Now to take the Zone idea a step farther…

All you may need is to break things up by Zones, but its possible depending on zone size and density you mayneed sub-zones.

This starts to get tricky,

Observation: Until combat occurs exact inter-character timing is not important.

Ergo: You can let your characters free run around the map. You can have a monster tick to do monster AI if you wish that is zone based, monster type based, or any other organizational unit you’ld like.

When combat occurs you can create a “combat clock” that is only stepping through those characters involved in that combat. This allows many different combats in the same zone to be going on simultaneously and across multiple threads. The trickiness is how you merge combats. If a member of one combat attacks or is attacked by a member of another combat, you’ll need to merge the set of combatants from both into one combat clock.

Note that combat clock combatant sets can be purely based on who attacks who, can be based on party, or based on an area around the combat depending on your specific game design.

I agree. Most of the Diku and derived muds used a Zone to define a collection of rooms, which could usually be brought up and down independently of each other. You are either in Zone A or Zone B and you can’t interact across the border. I don’t think I have ever played an MMO that I would consider truly zoneless.

There are surely a lot of advantages to zoning, and I think a lot of the reasons might be related to content, and managing the amount of textures and models one can have going at one time.

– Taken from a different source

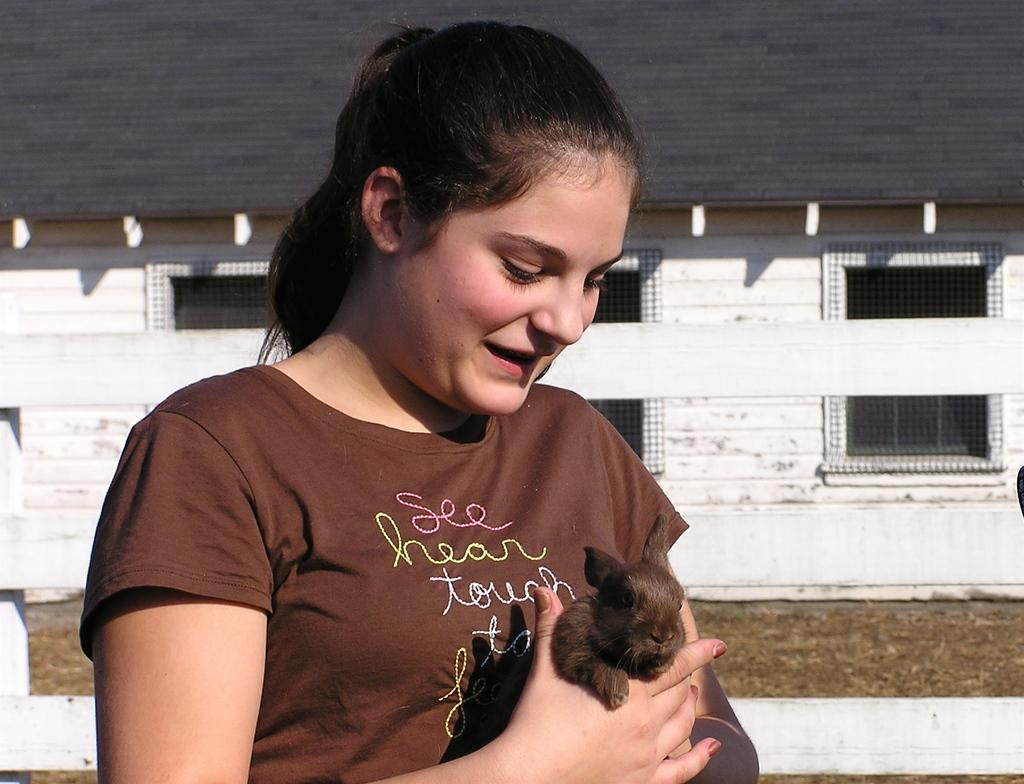Who is the main subject in the image? There is a girl in the image. What is the girl holding in the image? The girl is holding a rabbit. What can be seen in the background of the image? There is a building in the background of the image. What type of structure is present in the image? There is a fencing in the image. What type of record can be seen in the image? There is no record present in the image. How many eyes does the girl have in the image? The number of eyes the girl has cannot be determined from the image, but typically, humans have two eyes. 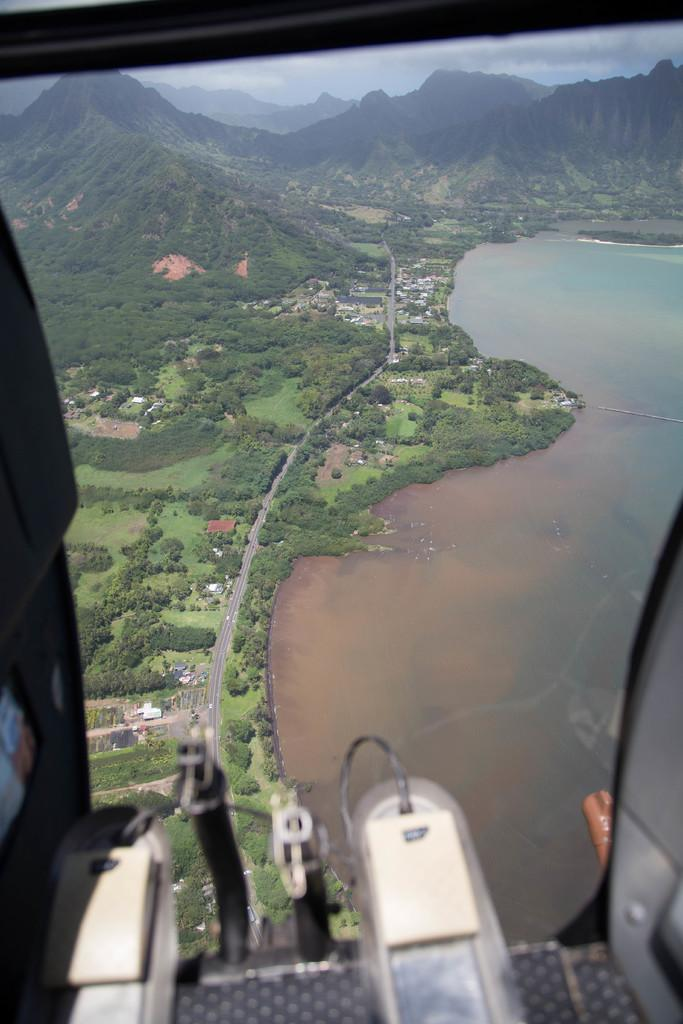What object is present in the image that can hold a liquid? There is a glass in the image. What can be seen in the background of the image through the glass? Trees, hills, and buildings are visible in the background of the image through the glass. Is there any water visible in the image? Yes, there is water visible in the image. What type of creature is holding the twig in the middle of the image? There is no creature or twig present in the image.

It seems like the sub-zone idea is critical for really allowing processing to be distributed evenly, and maybe the zone itself is important for things like keeping the terrain from becoming super-huge. Without sub-zones you either have situations like a “zone rush” like people would do back in EQ where they would bring down a city zone by invading, or you have to place artificial caps on the number of players because of the fixed amount of processing available. I guess the nasty part is when players find that one spot where they can move back and forth between sub-zones and exploit various issues on the boundaries.

OTOH, it is my understanding that going completely zoneless makes it harder to provide a lot of variety in things like available terrains and models. I suppose to some extent you can handle this by loading and unloading things as needed. Second Life seems to spend like 50% of the time loading and unloading textures and such while you are walking around, and even they appear to have hard zones at points, because occasionally when you port far enough you experience “Loading”.

Do you know how SL handles physics? I am curious how much of that happens server side.

'fraid i don’t know a great deal about second life beyond how they organized their servers.

Some other folks around here might.

But is there actually any physics in second life? Ive only played with it a little but from what I could see there were effectively two modes of motion-- ground rooted walking and free camera type flying. neither of which requires any real physics simulation.